Items from a data source
******

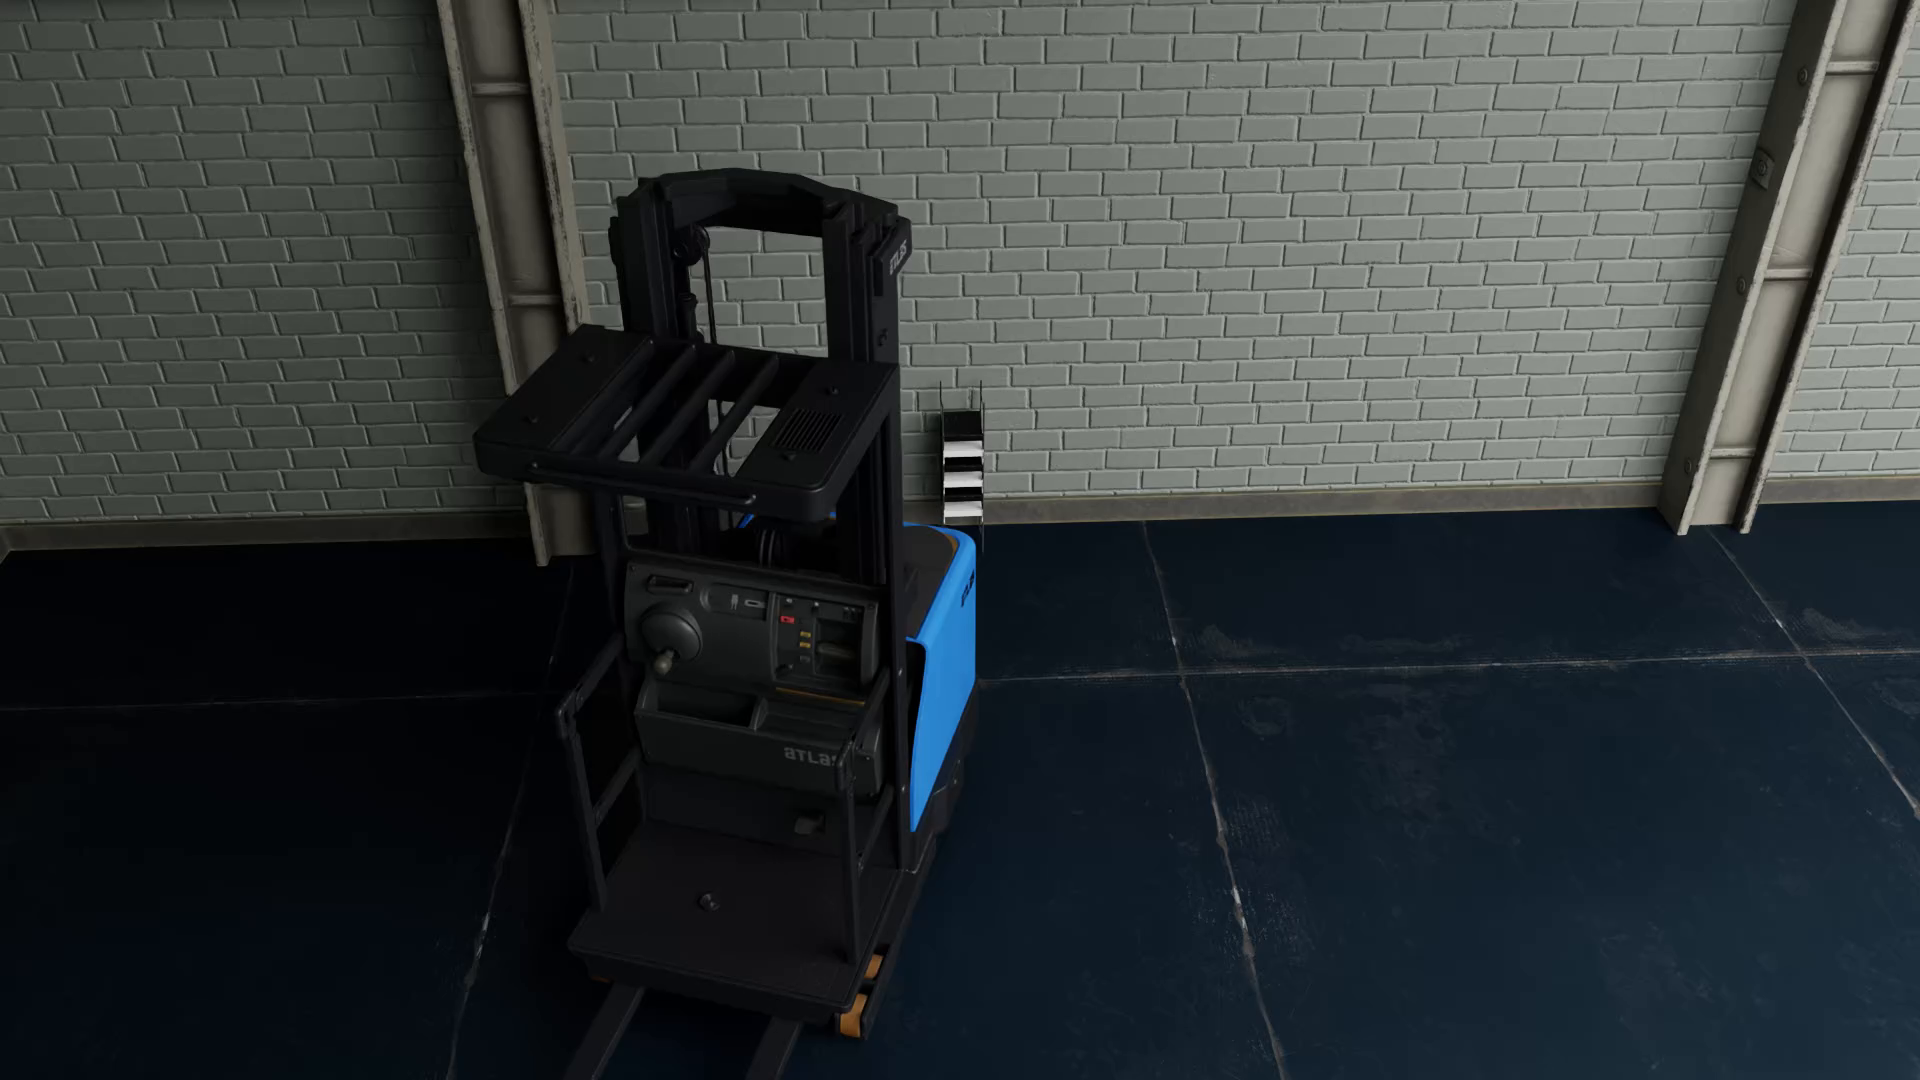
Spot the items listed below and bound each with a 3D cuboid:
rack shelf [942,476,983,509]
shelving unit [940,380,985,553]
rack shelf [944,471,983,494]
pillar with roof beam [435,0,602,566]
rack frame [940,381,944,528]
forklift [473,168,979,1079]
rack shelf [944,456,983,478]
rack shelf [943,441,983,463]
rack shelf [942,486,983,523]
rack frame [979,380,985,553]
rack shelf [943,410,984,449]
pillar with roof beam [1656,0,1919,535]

******

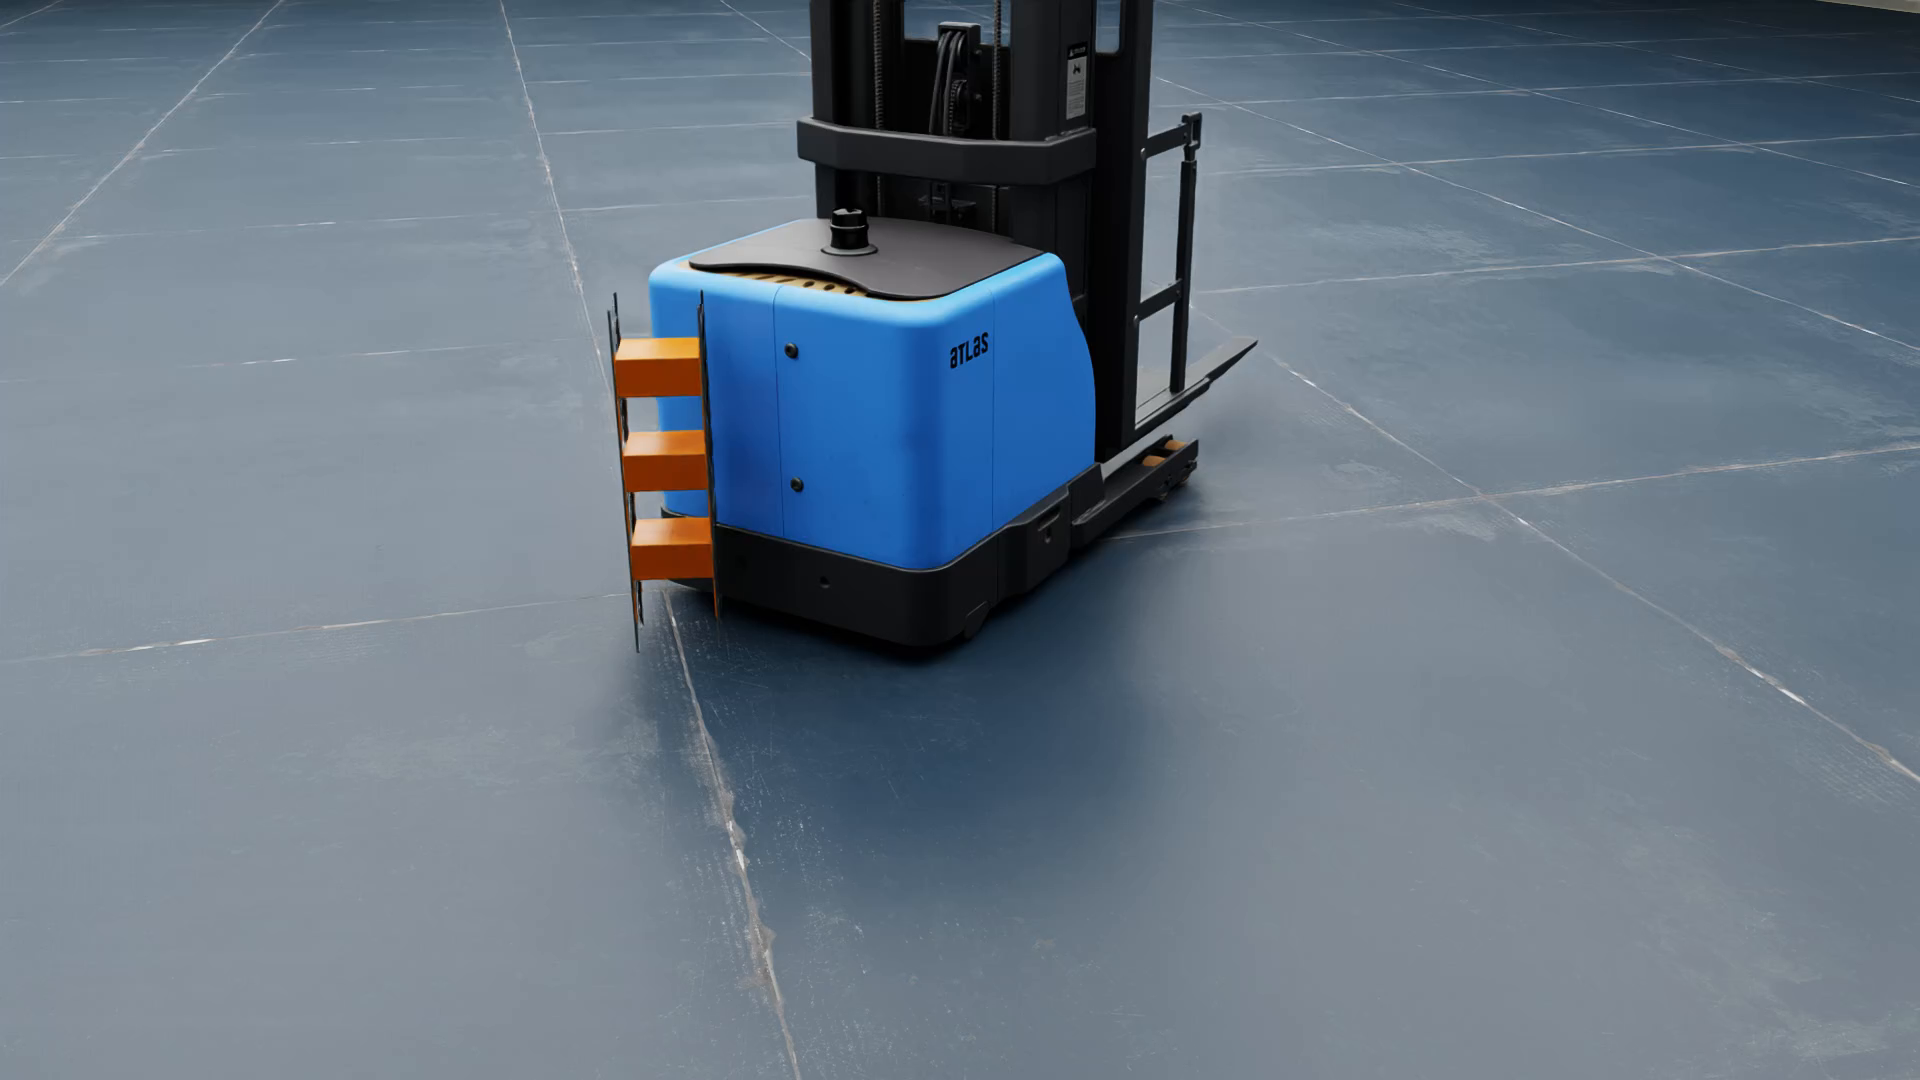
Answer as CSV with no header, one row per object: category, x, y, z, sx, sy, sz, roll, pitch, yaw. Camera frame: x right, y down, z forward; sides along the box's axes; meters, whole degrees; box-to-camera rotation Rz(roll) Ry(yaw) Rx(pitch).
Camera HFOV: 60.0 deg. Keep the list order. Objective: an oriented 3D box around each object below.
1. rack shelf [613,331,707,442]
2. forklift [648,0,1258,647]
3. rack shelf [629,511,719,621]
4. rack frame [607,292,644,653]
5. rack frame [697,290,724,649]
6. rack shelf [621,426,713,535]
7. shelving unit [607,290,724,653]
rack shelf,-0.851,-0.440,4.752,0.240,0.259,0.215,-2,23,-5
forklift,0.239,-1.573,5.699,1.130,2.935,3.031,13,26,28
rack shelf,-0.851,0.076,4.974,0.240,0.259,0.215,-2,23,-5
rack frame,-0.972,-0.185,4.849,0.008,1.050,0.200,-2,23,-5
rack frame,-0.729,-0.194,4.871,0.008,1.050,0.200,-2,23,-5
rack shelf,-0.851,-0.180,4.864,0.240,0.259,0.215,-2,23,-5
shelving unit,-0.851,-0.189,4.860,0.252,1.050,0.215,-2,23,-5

******

## Required work
Each line above from the one with "rack shelf [942,486,983,523]" up to and including the one with "pillar with roof beam [1656,0,1919,535]" must be set down exactly, and no line outside that span may appear.

## Answer to the problem
rack shelf [942,486,983,523]
rack frame [979,380,985,553]
rack shelf [943,410,984,449]
pillar with roof beam [1656,0,1919,535]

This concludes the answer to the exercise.